Segment Open

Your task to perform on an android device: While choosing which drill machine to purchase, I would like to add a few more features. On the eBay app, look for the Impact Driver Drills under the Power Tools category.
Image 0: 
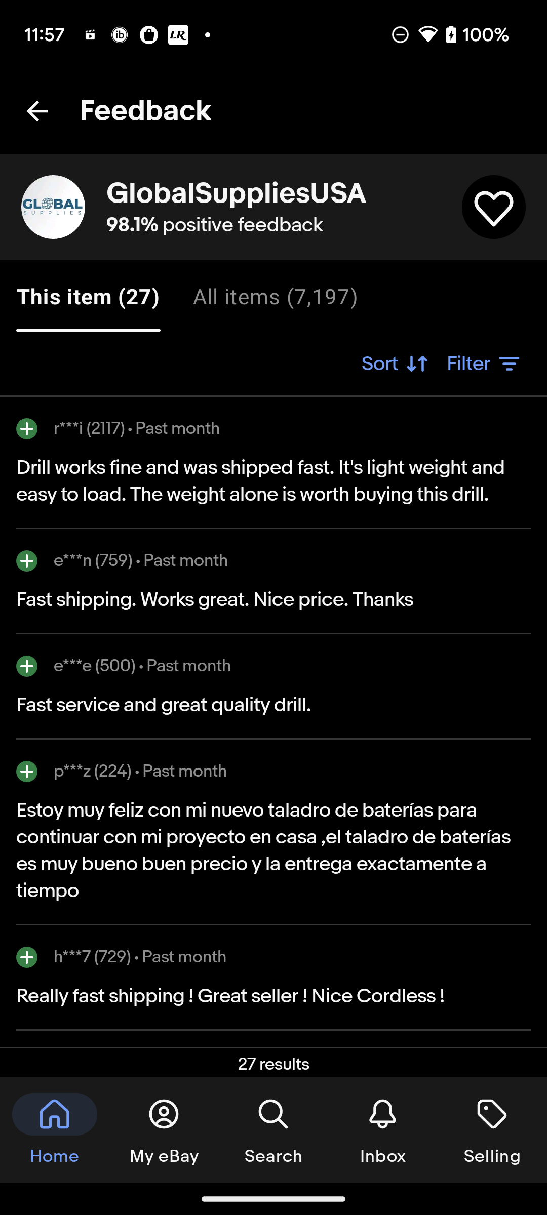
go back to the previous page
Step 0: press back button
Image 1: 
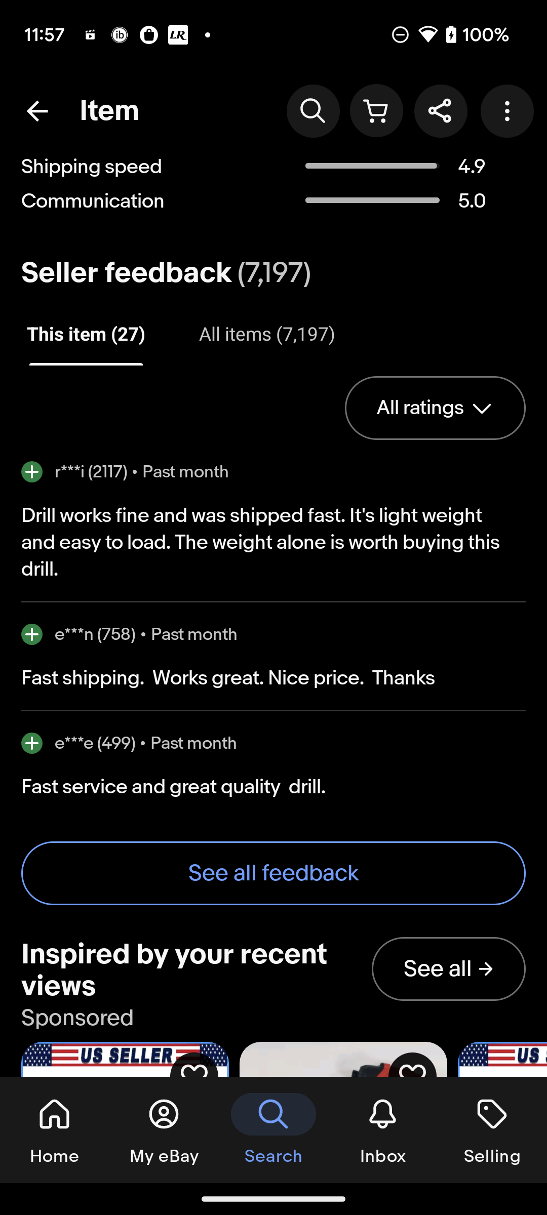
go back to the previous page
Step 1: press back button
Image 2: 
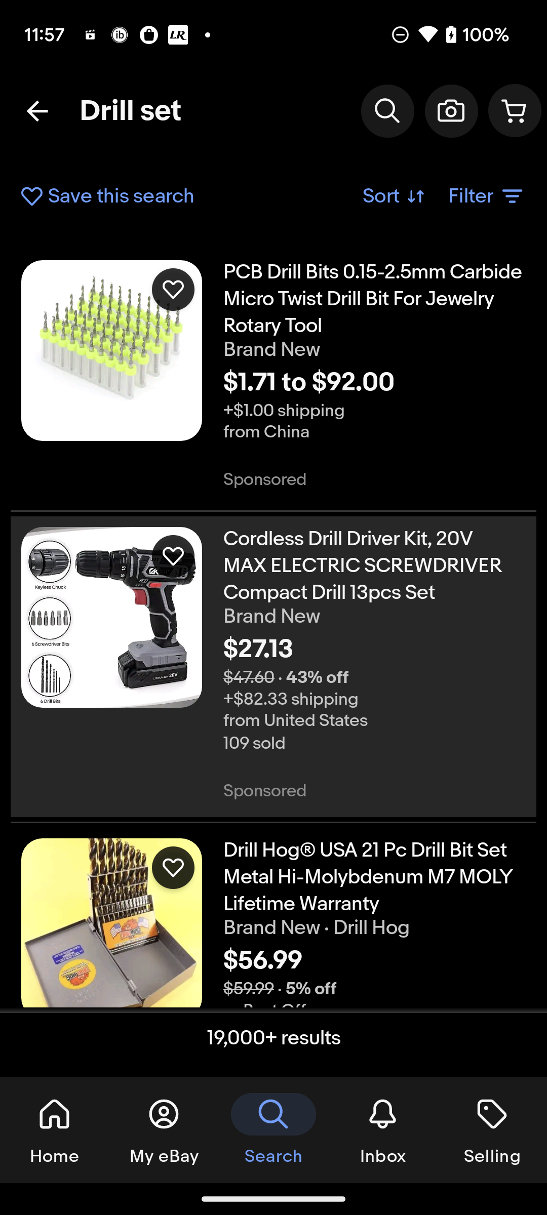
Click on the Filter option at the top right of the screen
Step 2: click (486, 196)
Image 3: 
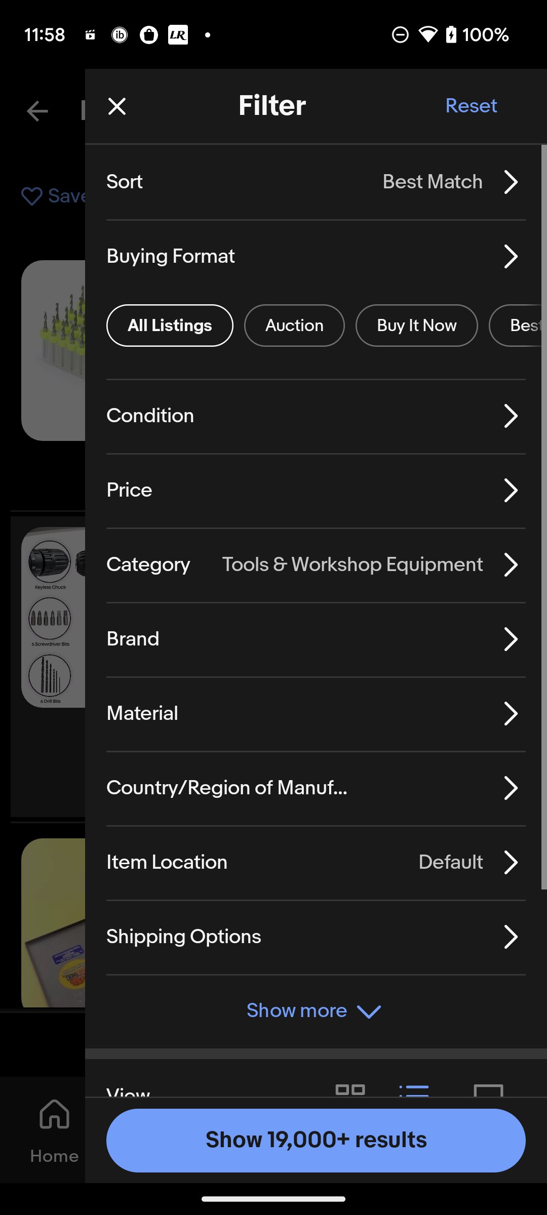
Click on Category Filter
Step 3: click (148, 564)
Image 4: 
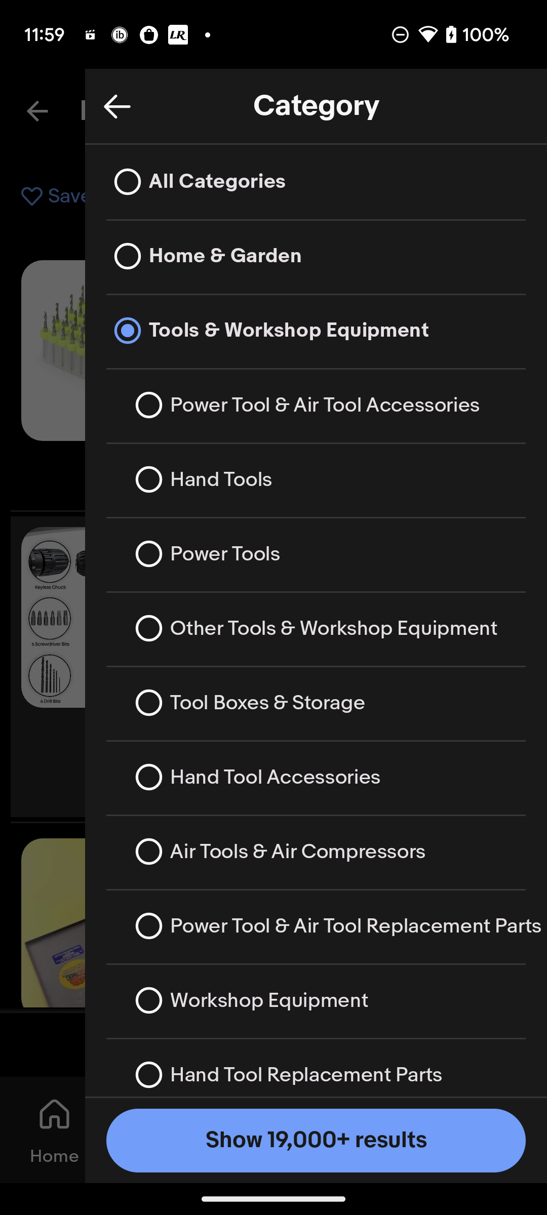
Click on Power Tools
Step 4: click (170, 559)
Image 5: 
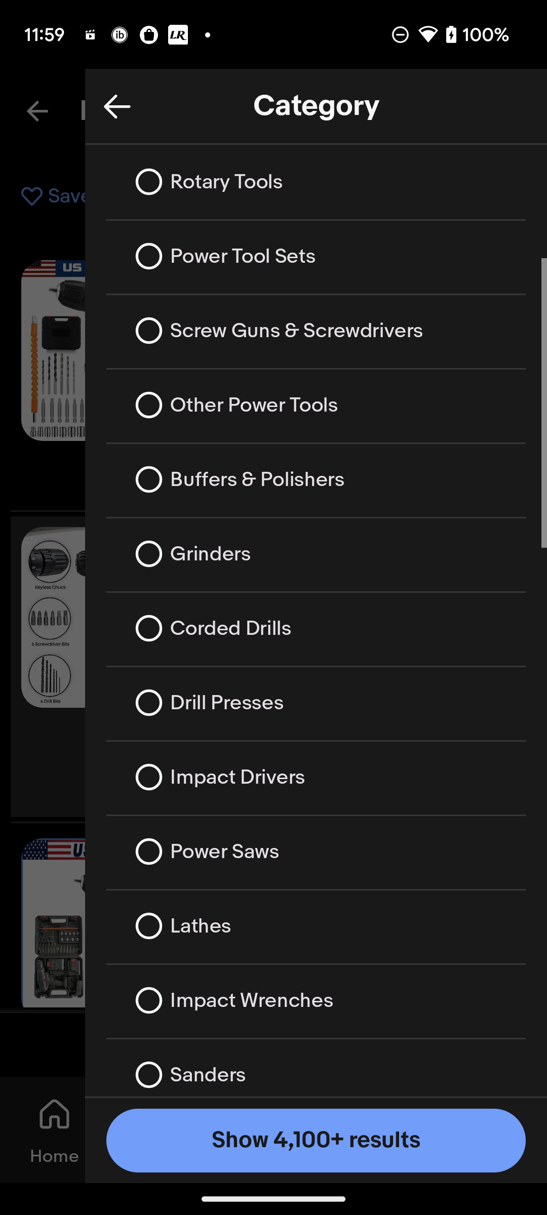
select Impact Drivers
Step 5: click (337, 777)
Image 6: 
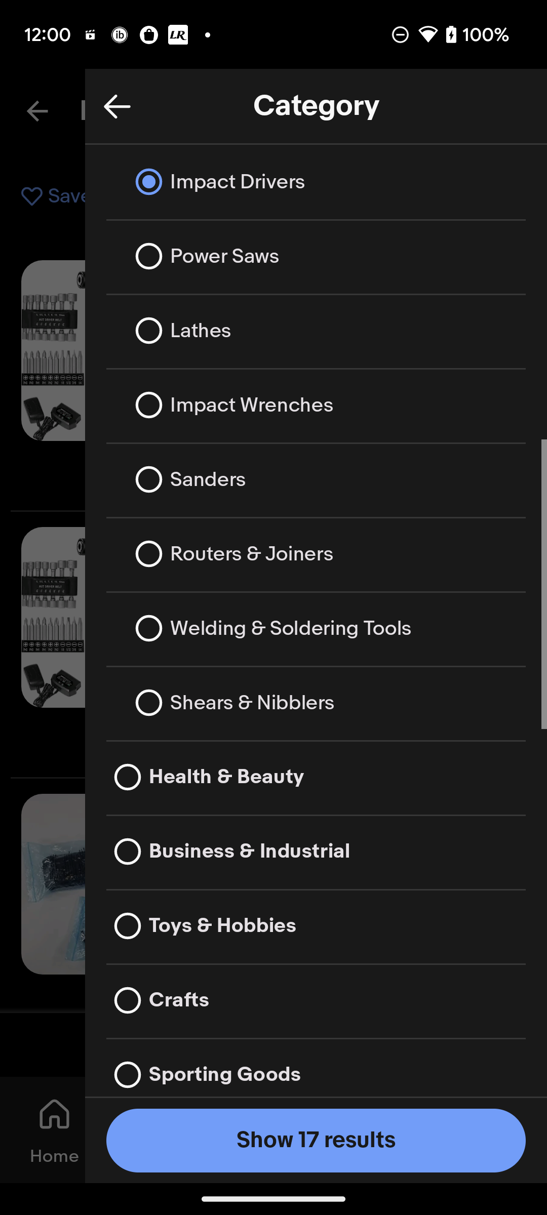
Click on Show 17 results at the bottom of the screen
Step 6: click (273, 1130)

Segment Closed
Segment Open

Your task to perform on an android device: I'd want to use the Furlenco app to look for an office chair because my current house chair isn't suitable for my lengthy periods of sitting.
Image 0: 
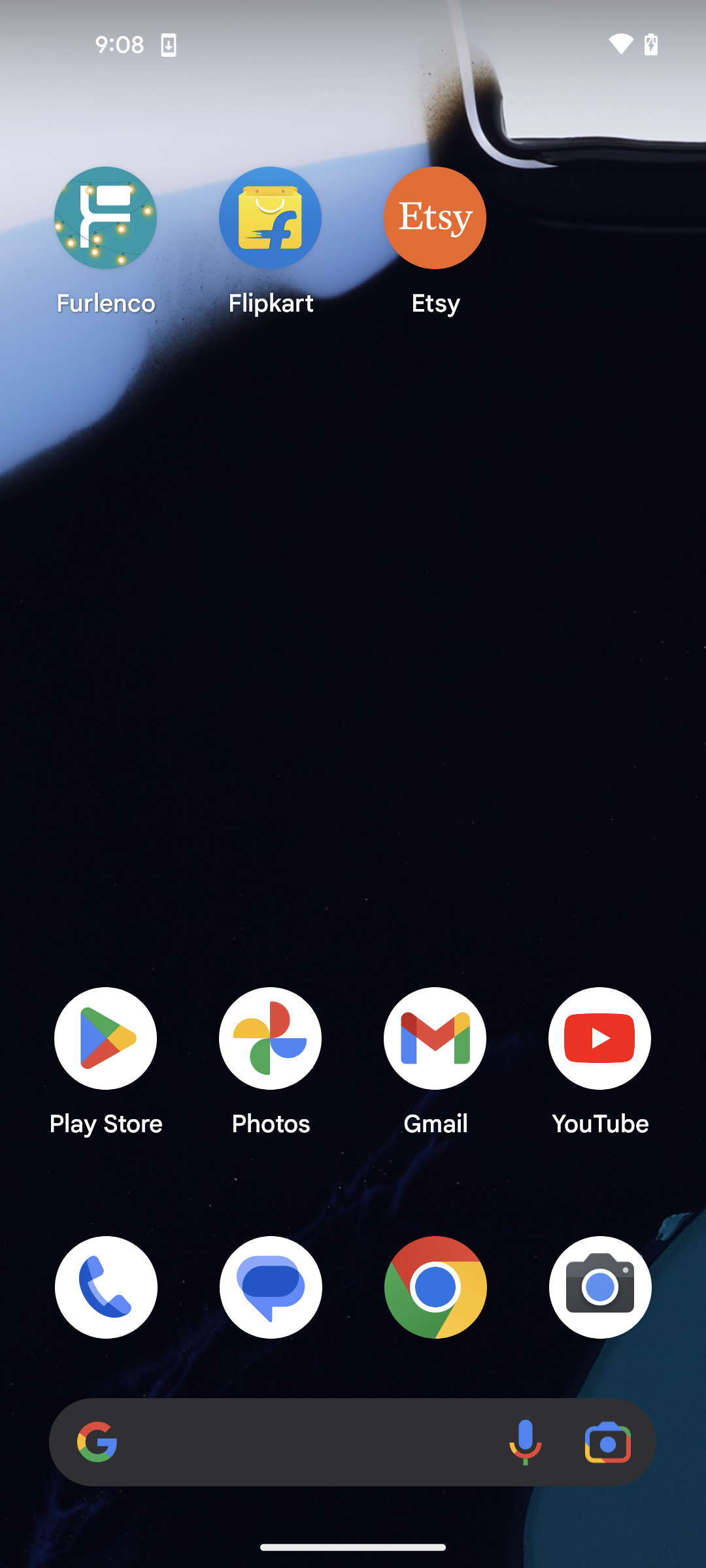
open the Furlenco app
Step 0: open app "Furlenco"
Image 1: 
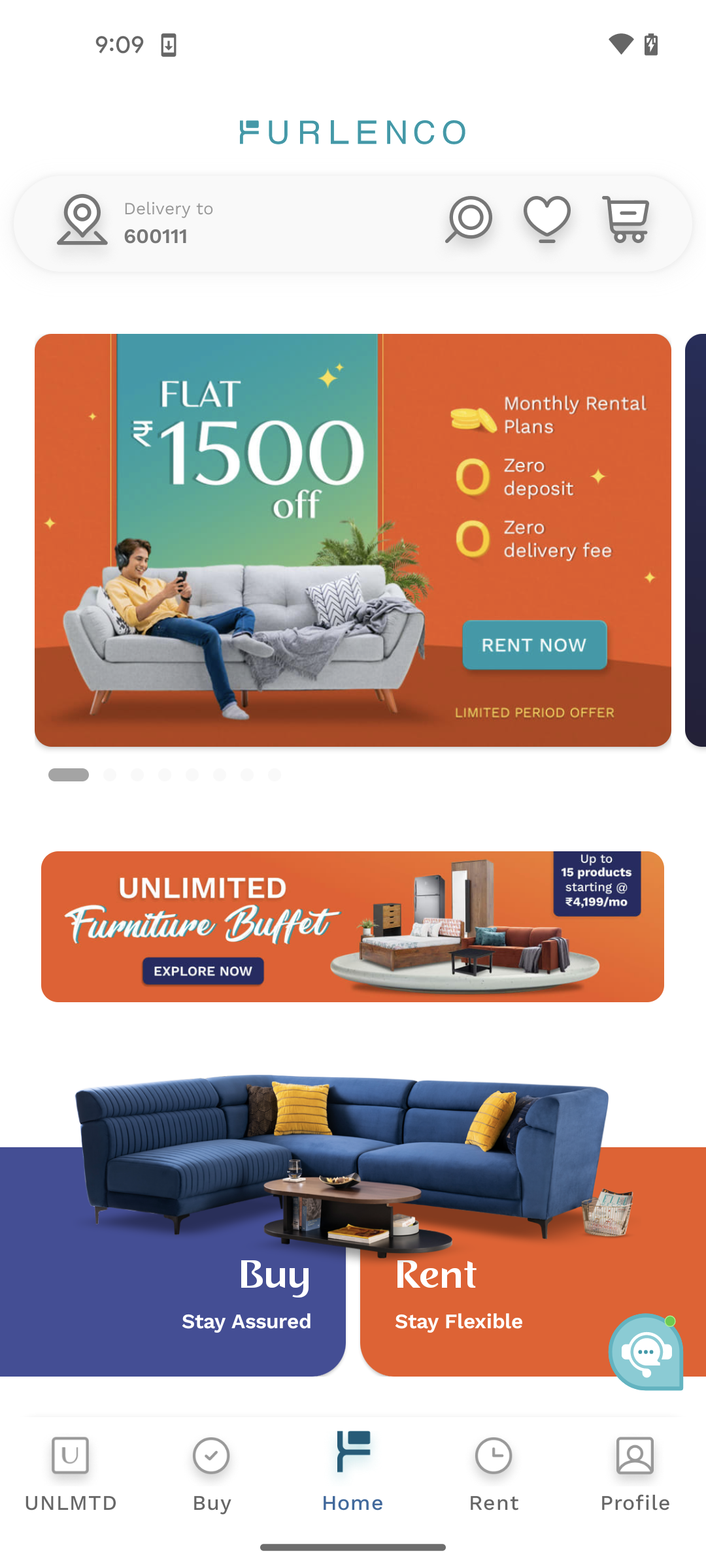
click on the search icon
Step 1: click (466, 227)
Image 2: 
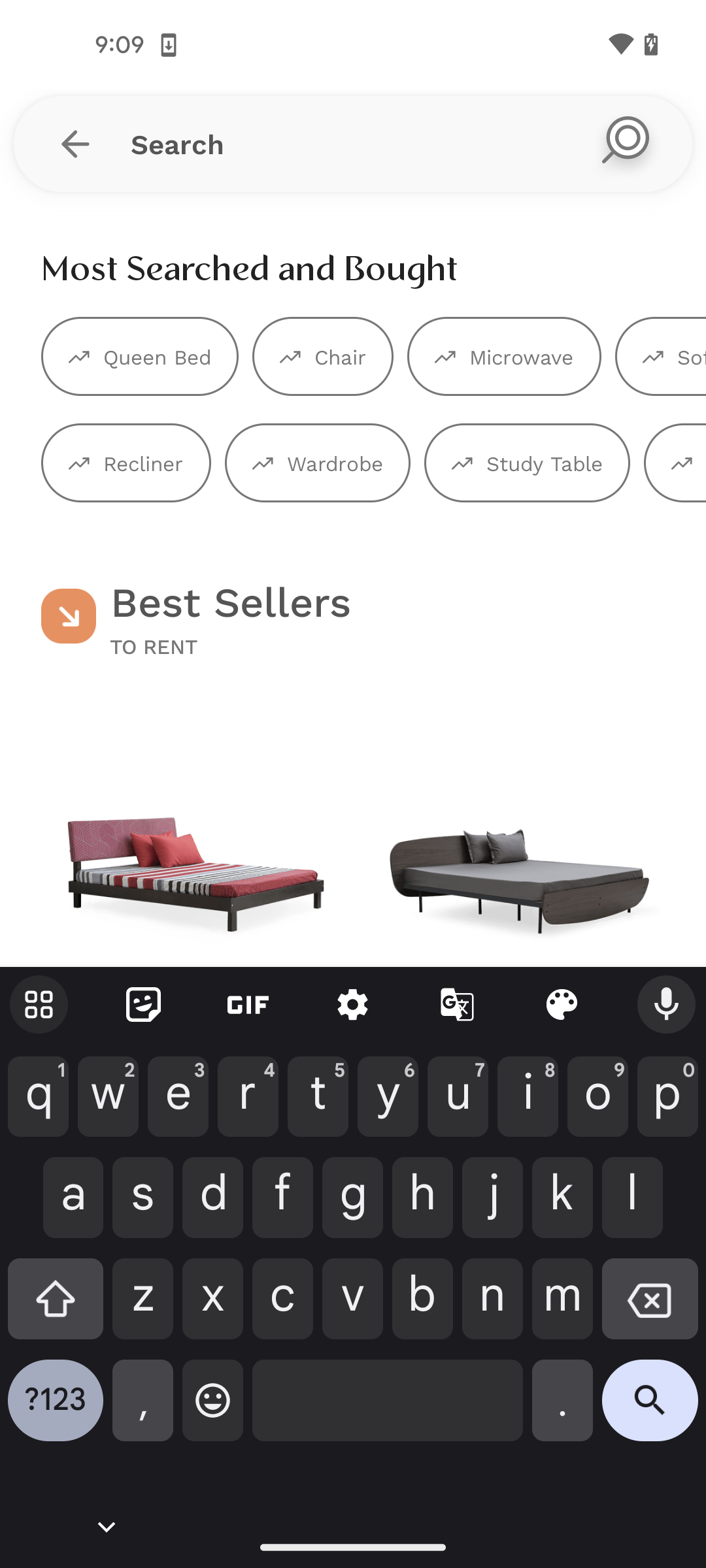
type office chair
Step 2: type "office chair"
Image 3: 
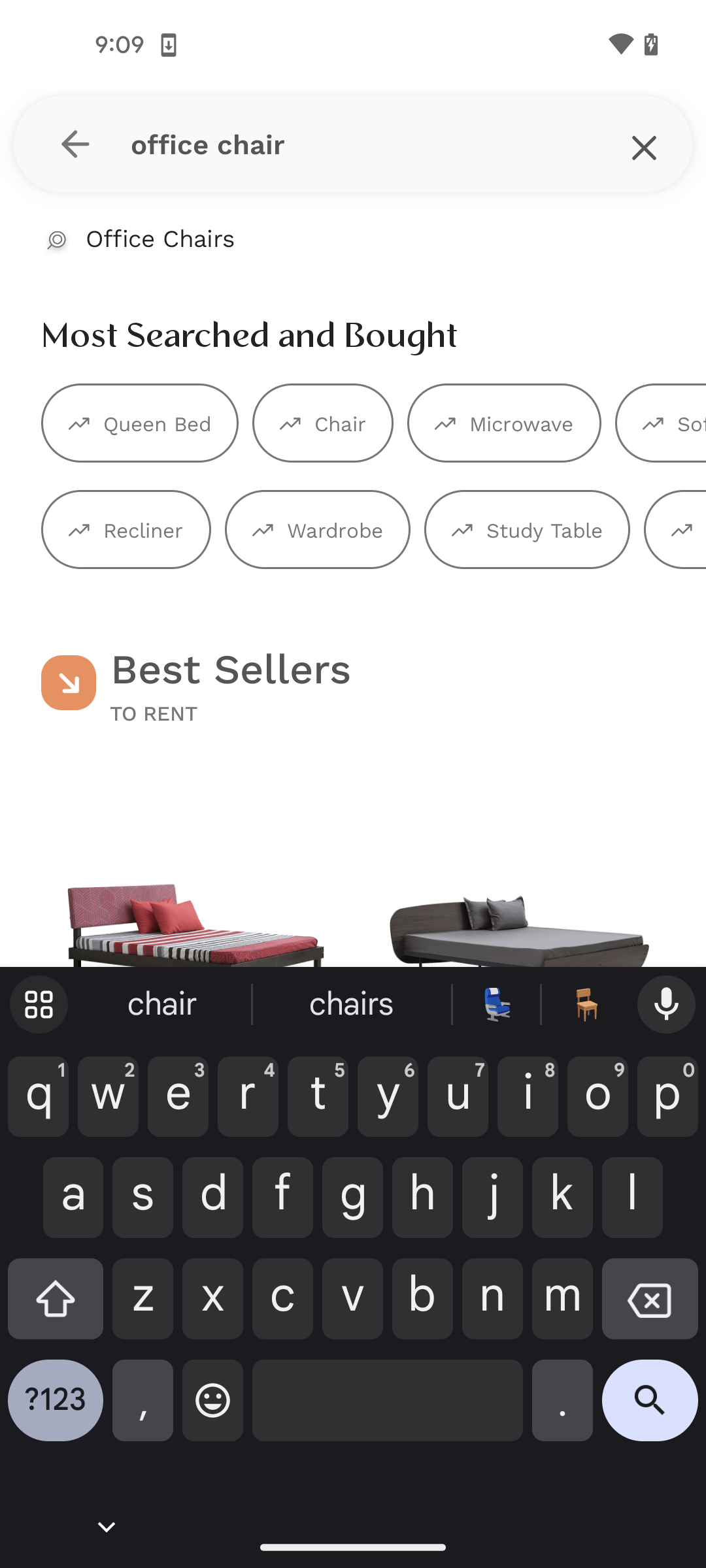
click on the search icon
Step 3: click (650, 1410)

Segment Closed

- What you are asked to do
Above are some entries; copy exactly the lines from the line with "Your task to perform on an android device: While" through the line with "Step 6: click (273, 1130)", both included, but none of the pictures.

- Your solution
Your task to perform on an android device: While choosing which drill machine to purchase, I would like to add a few more features. On the eBay app, look for the Impact Driver Drills under the Power Tools category.
Image 0: 
go back to the previous page
Step 0: press back button
Image 1: 
go back to the previous page
Step 1: press back button
Image 2: 
Click on the Filter option at the top right of the screen
Step 2: click (486, 196)
Image 3: 
Click on Category Filter
Step 3: click (148, 564)
Image 4: 
Click on Power Tools
Step 4: click (170, 559)
Image 5: 
select Impact Drivers
Step 5: click (337, 777)
Image 6: 
Click on Show 17 results at the bottom of the screen
Step 6: click (273, 1130)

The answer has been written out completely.